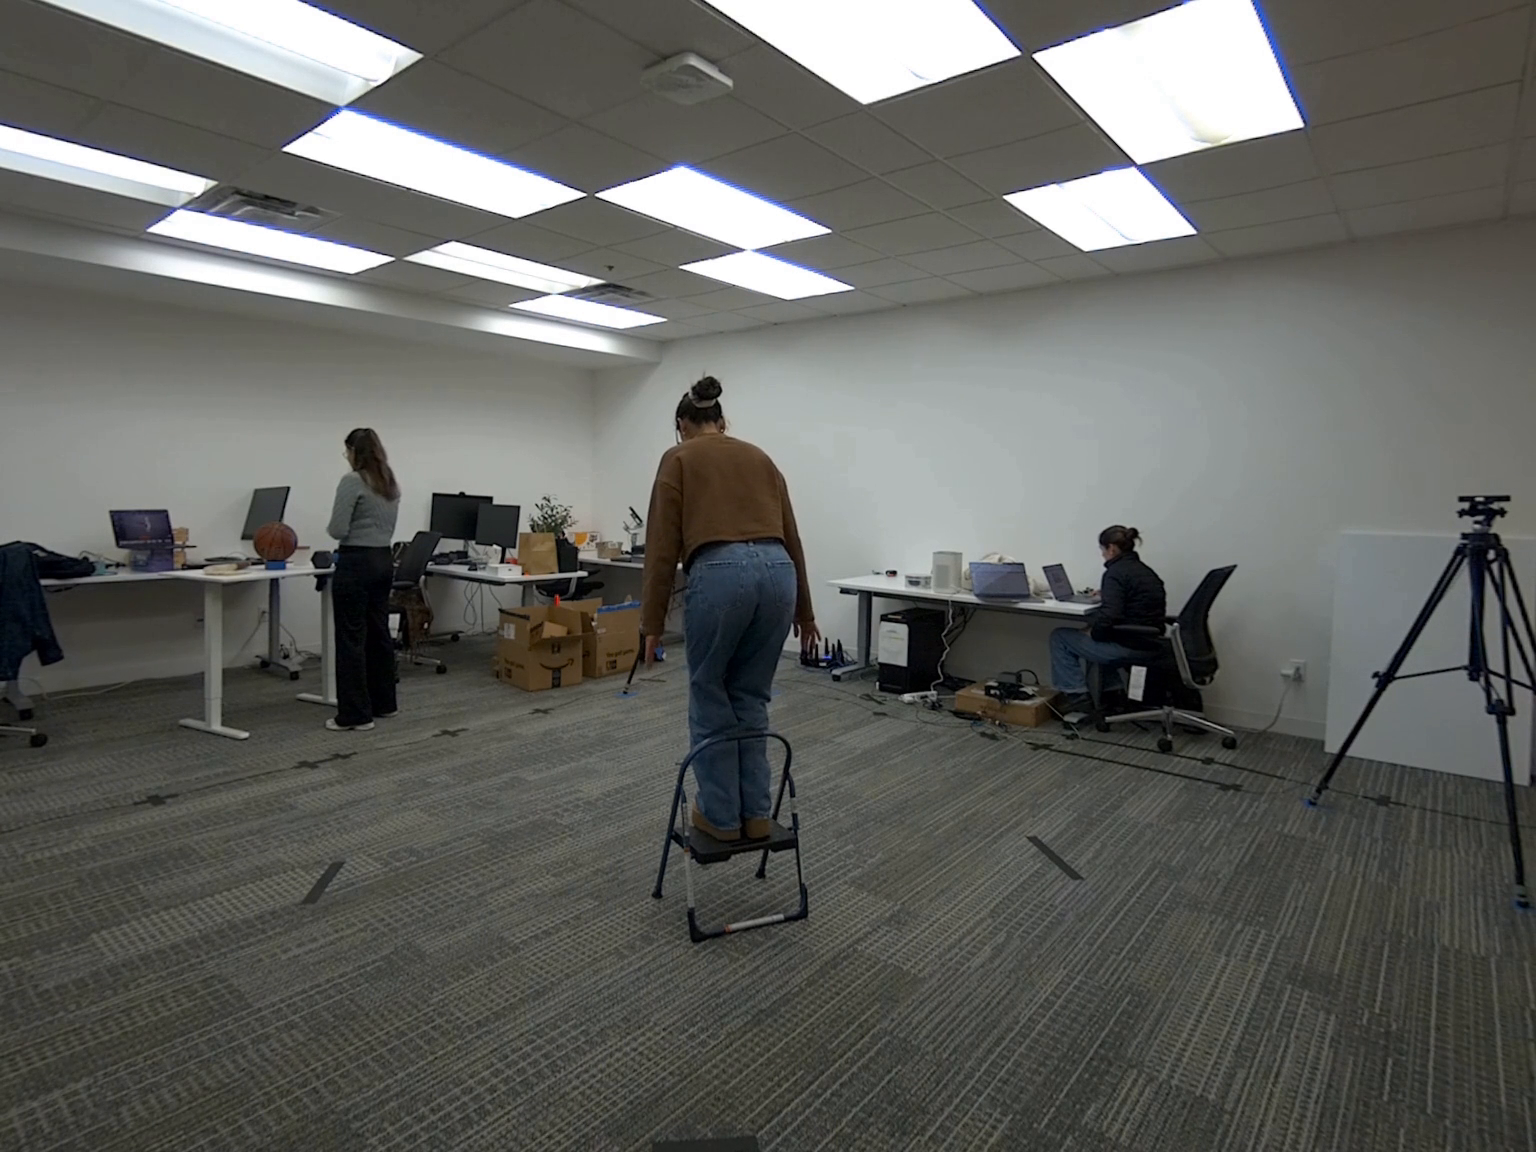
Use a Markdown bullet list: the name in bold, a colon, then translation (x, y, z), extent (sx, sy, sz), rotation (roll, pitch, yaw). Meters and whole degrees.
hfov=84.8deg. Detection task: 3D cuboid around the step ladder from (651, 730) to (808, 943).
- **step ladder**: translation (-0.132, 0.798, 2.813), extent (0.420, 0.604, 0.359), rotation (-1, 3, -27)

************

> PROBLEM: In repeating the lines above, keep the wording exact and leave every picture out.

> ANSWER TO THIS EXERCISE:
Use a Markdown bullet list: the name in bold, a colon, then translation (x, y, z), extent (sx, sy, sz), rotation (roll, pitch, yaw). Meters and whole degrees.
hfov=84.8deg. Detection task: 3D cuboid around the step ladder from (651, 730) to (808, 943).
- **step ladder**: translation (-0.132, 0.798, 2.813), extent (0.420, 0.604, 0.359), rotation (-1, 3, -27)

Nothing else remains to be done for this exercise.